Records START

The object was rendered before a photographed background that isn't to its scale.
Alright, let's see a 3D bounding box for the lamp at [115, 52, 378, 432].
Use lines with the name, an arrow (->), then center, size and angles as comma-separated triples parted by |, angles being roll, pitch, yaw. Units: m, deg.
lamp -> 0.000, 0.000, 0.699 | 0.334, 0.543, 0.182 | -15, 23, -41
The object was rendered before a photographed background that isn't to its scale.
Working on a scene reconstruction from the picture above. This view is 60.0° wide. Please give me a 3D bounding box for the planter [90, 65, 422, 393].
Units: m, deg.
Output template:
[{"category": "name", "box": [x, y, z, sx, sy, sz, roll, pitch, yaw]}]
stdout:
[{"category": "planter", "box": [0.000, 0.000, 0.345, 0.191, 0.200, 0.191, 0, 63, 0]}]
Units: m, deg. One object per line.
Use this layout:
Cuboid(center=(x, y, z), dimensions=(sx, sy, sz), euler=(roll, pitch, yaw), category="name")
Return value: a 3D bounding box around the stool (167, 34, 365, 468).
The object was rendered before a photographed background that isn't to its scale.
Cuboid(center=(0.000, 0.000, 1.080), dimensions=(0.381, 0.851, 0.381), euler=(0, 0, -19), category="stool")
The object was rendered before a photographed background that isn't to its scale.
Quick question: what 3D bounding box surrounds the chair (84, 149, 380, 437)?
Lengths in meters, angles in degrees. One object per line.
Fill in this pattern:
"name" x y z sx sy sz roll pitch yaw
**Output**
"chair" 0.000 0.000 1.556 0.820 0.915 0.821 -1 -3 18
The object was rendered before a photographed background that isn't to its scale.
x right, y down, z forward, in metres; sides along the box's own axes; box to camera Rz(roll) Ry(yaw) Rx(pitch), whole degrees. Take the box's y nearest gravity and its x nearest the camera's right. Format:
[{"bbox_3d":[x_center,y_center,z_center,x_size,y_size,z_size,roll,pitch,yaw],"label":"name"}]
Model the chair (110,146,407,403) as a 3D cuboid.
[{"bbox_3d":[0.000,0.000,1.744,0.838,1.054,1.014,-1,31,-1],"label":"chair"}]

Records END

Exercise requirements. Answer with the number alone after working out how many lines in the records contain the string "degrees".

Result. 2